QE-1, QE-2 and QE-3: the New Wordspeak

Neither Bernanke nor Obama will admit that the US Treasury and Federal Reserve are monetizing the federal debt. This is due to a bipartisan taboo on monetization because it supposedly leads to hyperinflation. A year ago, Benanke announced QE-2 (QE-1 occurred during the bailouts), that the Federal Reserve would use government funds to purchase $700 of US debt (Treasury Bonds). However he used the term "quantitative easing (QE)," which supposedly doesn't cause hyperinflation, as opposed to monetization, which does. This is just wordspeak. It deflects attention from a major crisis in democracy. Obama and the Federal Reserve are monetizing the US debt by stealth, without the knowledge or consent of the lawmakers who supposedly represent us.
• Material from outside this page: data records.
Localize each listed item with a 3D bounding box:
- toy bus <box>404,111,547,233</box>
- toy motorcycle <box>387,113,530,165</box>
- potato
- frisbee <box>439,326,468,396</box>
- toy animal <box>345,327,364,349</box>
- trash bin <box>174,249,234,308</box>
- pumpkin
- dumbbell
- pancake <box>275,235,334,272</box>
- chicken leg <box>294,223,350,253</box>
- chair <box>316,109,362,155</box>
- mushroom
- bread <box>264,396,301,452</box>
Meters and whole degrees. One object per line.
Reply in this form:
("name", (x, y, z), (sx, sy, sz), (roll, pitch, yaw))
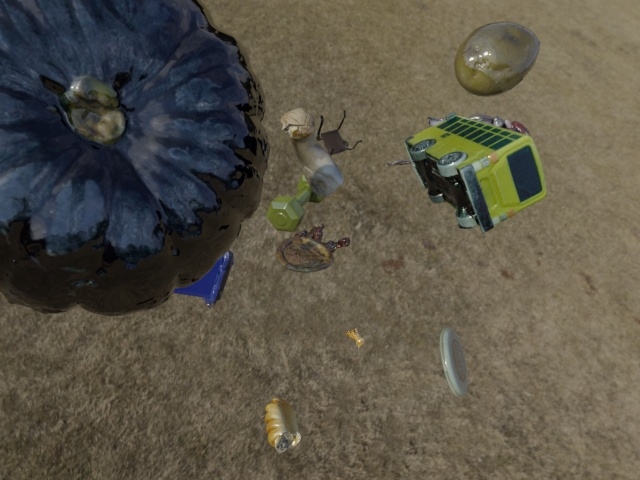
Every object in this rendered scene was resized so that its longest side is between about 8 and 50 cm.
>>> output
("toy bus", (0.175, -0.089, 0.524), (0.088, 0.101, 0.175), (60, 3, -25))
("toy motorcycle", (0.372, -0.260, 1.148), (0.402, 0.134, 0.207), (-3, 20, -2))
("potato", (0.463, -0.480, 1.159), (0.235, 0.177, 0.160), (-19, 23, -5))
("frisbee", (0.217, 0.194, 0.707), (0.110, 0.014, 0.110), (37, 45, -47))
("toy animal", (0.146, 0.412, 1.832), (0.061, 0.081, 0.083), (-9, 71, -57))
("trash bin", (-0.373, 0.074, 1.173), (0.235, 0.183, 0.163), (10, 16, -39))
("pumpkin", (-0.229, -0.099, 0.445), (0.364, 0.266, 0.362), (1, 89, -34))
("dumbbell", (-0.068, -0.138, 1.486), (0.108, 0.121, 0.302), (30, 39, 6))
("pancake", (-0.067, 0.059, 1.813), (0.251, 0.031, 0.250), (7, 33, -4))
("chicken leg", (-0.006, 0.011, 2.052), (0.323, 0.177, 0.083), (29, -14, 47))
("chair", (0.041, -0.399, 1.745), (0.174, 0.213, 0.148), (-21, 86, -24))
("mushroom", (-0.021, -0.201, 1.005), (0.081, 0.223, 0.092), (-33, 40, -5))
("bread", (-0.131, 0.613, 1.462), (0.119, 0.084, 0.177), (38, 21, -37))
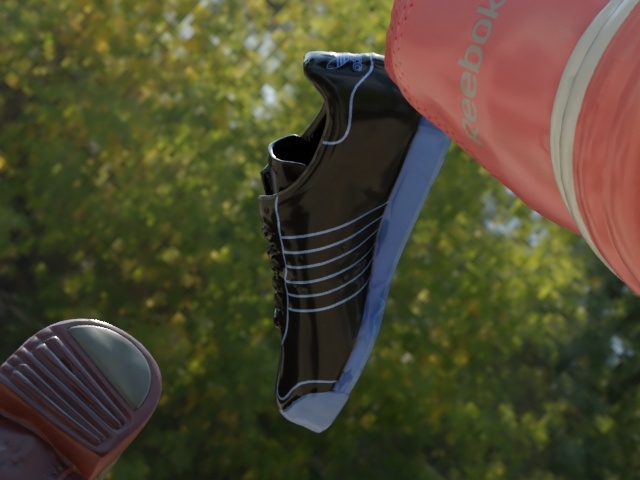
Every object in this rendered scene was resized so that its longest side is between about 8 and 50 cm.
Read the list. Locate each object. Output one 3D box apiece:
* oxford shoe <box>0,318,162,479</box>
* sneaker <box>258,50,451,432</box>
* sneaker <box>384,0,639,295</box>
[{"bbox_3d":[-0.229,0.183,0.985,0.123,0.348,0.130,42,-48,13],"label":"oxford shoe"},{"bbox_3d":[0.000,0.000,0.917,0.090,0.232,0.081,16,22,-8],"label":"sneaker"},{"bbox_3d":[0.150,-0.061,0.452,0.314,0.116,0.136,-6,24,-40],"label":"sneaker"}]
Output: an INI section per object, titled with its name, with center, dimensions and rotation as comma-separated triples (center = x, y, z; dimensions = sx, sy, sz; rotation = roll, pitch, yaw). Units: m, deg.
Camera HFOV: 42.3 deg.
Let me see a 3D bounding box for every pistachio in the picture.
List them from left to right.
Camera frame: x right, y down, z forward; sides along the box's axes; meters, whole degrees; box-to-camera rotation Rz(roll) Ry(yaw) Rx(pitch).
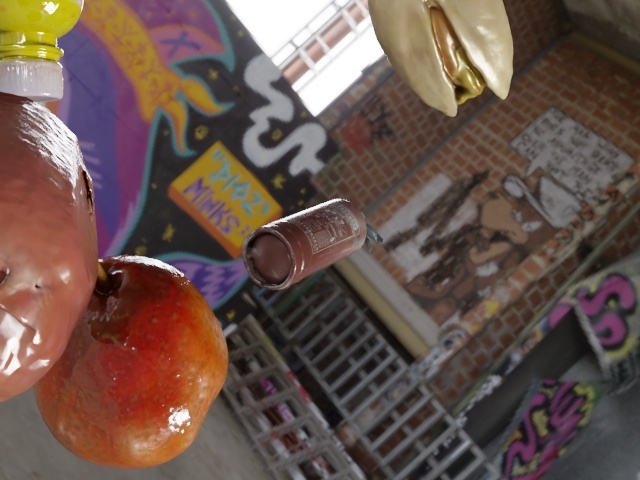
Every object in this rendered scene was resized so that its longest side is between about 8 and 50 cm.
[pistachio]
center = 0.178, -0.320, 1.235
dimensions = 0.187, 0.187, 0.299
rotation = 47, -6, 47

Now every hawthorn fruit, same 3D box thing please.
[hawthorn fruit]
center = -0.190, 0.095, 0.788
dimensions = 0.196, 0.196, 0.226
rotation = 47, -28, 47

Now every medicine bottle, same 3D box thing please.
[medicine bottle]
center = -0.319, -0.260, 0.896
dimensions = 0.122, 0.121, 0.213
rotation = -134, -137, -86

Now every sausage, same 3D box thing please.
[sausage]
center = -0.218, -0.006, 0.521
dimensions = 0.152, 0.152, 0.280
rotation = 48, 7, -27

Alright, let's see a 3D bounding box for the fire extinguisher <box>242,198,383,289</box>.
[fire extinguisher]
center = 0.000, 0.000, 1.258
dimensions = 0.105, 0.105, 0.269
rotation = 47, 32, 13
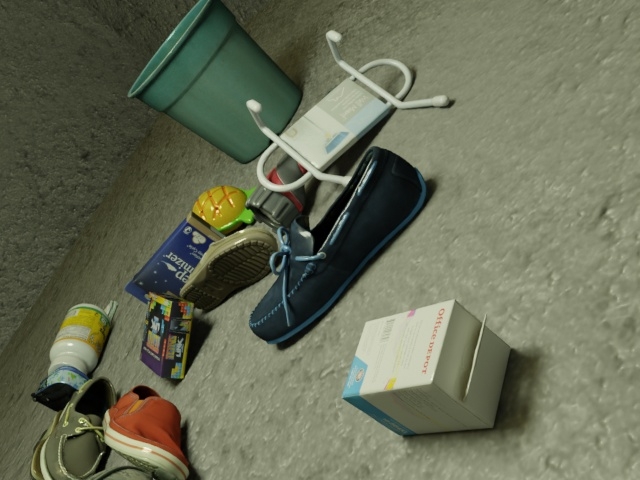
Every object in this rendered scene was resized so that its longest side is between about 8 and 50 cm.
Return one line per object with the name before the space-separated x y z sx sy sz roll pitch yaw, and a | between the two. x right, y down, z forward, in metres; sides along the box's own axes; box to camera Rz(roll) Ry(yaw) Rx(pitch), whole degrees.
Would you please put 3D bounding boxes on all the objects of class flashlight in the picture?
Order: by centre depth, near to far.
flashlight | -0.017 -0.155 1.339 0.304 0.103 0.103 -53 18 -15

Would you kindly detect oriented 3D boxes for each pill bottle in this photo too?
pill bottle | -0.609 0.266 1.778 0.117 0.117 0.208 -41 25 24

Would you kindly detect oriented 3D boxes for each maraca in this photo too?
maraca | -0.200 -0.069 1.548 0.185 0.099 0.127 -9 50 23

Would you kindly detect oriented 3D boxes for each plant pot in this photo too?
plant pot | -0.252 -0.393 1.803 0.341 0.334 0.341 -40 25 24

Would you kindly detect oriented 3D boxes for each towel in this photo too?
towel | -0.624 0.243 1.960 0.152 0.023 0.113 -40 25 26

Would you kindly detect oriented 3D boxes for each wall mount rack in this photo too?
wall mount rack | 0.044 -0.209 1.219 0.350 0.130 0.304 -43 58 -9

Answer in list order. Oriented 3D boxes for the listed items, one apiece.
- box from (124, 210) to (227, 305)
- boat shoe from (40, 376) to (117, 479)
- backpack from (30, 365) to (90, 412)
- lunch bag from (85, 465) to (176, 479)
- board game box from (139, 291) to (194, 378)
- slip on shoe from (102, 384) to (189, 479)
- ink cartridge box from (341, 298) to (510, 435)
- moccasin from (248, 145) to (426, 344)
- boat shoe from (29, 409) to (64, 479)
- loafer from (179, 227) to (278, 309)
box | -0.281 0.064 1.442 0.225 0.136 0.036 -46 24 14
boat shoe | -0.455 0.367 1.358 0.091 0.109 0.305 -53 19 10
backpack | -0.592 0.344 1.651 0.114 0.105 0.084 -32 31 29
lunch bag | -0.305 0.436 0.854 0.305 0.212 0.256 -46 7 6
board game box | -0.296 0.176 1.349 0.170 0.048 0.141 4 84 63
slip on shoe | -0.270 0.298 1.118 0.101 0.123 0.331 -53 18 -14
ink cartridge box | 0.109 0.127 0.688 0.143 0.090 0.092 -21 38 48
moccasin | 0.000 0.000 1.040 0.342 0.117 0.138 -49 23 7
boat shoe | -0.564 0.448 1.491 0.073 0.080 0.223 -52 17 13
loafer | -0.174 0.039 1.327 0.268 0.102 0.092 -33 35 39
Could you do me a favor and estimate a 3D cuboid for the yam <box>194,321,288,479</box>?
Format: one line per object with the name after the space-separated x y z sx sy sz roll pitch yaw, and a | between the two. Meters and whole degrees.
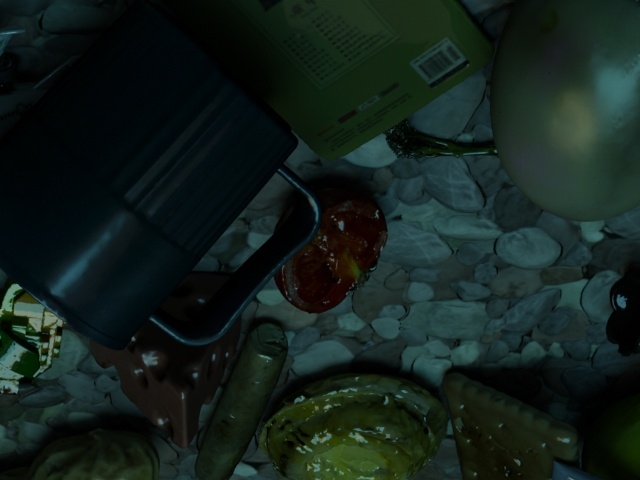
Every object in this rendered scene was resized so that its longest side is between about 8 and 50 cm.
-0.112 0.235 1.883 0.071 0.067 0.317 -5 139 -27 | yam

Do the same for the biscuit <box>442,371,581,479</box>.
0.279 0.329 1.933 0.217 0.044 0.325 25 147 33 | biscuit

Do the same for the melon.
0.289 -0.162 1.407 0.223 0.223 0.317 2 134 -5 | melon

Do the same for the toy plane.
-0.375 -0.127 1.473 0.255 0.101 0.251 -20 141 -23 | toy plane

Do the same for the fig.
0.470 0.288 1.893 0.233 0.233 0.314 -9 106 7 | fig

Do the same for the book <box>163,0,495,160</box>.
-0.001 -0.248 1.442 0.239 0.035 0.352 -31 128 23 | book

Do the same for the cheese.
-0.214 0.135 1.725 0.177 0.203 0.128 15 137 11 | cheese

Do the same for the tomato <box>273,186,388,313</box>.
0.000 0.000 1.649 0.159 0.091 0.139 -49 133 4 | tomato

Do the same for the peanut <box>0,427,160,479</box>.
-0.374 0.364 1.954 0.325 0.140 0.153 -20 114 22 | peanut

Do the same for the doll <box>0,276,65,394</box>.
-0.385 0.107 1.722 0.134 0.106 0.186 36 107 -22 | doll

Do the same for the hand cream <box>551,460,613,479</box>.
0.386 0.340 1.790 0.170 0.043 0.065 17 137 20 | hand cream

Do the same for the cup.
-0.174 -0.053 1.399 0.308 0.242 0.292 42 91 3 | cup

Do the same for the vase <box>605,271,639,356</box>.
0.504 0.105 1.767 0.237 0.115 0.115 4 134 -13 | vase

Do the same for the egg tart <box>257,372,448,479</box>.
0.049 0.291 1.930 0.278 0.095 0.279 -2 135 -2 | egg tart

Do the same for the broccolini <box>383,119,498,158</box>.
0.162 -0.114 1.587 0.194 0.054 0.052 1 165 -13 | broccolini
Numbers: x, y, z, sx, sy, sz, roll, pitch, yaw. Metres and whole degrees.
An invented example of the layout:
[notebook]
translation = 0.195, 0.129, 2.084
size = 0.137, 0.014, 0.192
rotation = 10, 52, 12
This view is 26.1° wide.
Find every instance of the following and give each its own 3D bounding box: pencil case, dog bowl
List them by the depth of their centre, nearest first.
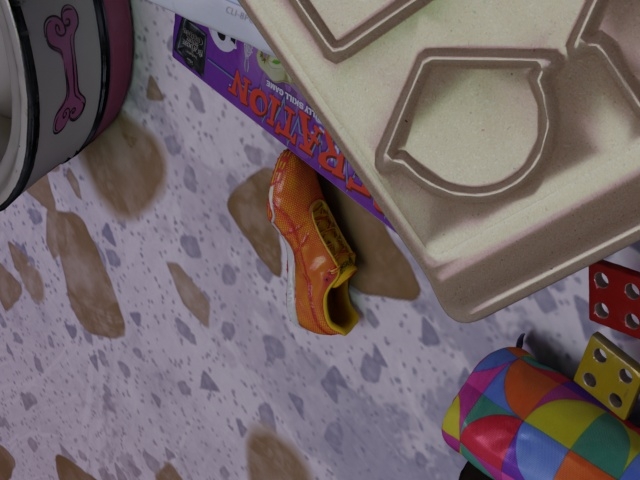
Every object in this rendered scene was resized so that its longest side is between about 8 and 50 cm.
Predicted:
[pencil case]
translation = 0.197, 0.162, 0.976
size = 0.236, 0.104, 0.104
rotation = 34, 135, 38
[dog bowl]
translation = -0.341, -0.239, 1.360
size = 0.408, 0.150, 0.408
rotation = 29, 132, 38

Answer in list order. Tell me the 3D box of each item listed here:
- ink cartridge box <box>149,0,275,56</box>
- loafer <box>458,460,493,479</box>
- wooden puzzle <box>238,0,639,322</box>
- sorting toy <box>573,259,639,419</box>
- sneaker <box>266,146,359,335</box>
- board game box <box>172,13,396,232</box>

The truth is that the US Treasury and Federal Reserve have been monetizing the US debt since 2009, when billions of dollars of buyer-less Treasury Bond sales began appearing on Treasury balance sheets. When Bernanke announced in August 2011 that there would be no QE-3 -- that the Federal Reserve would "hold off" on any more quantitative easing -- he was fudging the truth. According to their own reports, the Federal Reserve's purchase of Treasury Bonds started in 2009 and never stopped.

Good and Bad Monetization

Ellen Brown and other non-corporate economists challenge the claim that monetization causes hyperinflation (see her book The Web of Debt http://www.webofdebt.com/articles/monetizethis.php). Inflation occurs when the amount of money in circulation  If anything, debt creation with an interest burden injects more "money" into circulation and is more prone to cause inflation. Unfortunately Obama and the Federal Reserve seem to be engaged in the wrong kind of monetization, which creates new money to make payments to investment banks (we all know where that ends up). The Japanese government has been printing new money to bail their banks out for two decades, and their problems with debt and deflation just keep getting worse.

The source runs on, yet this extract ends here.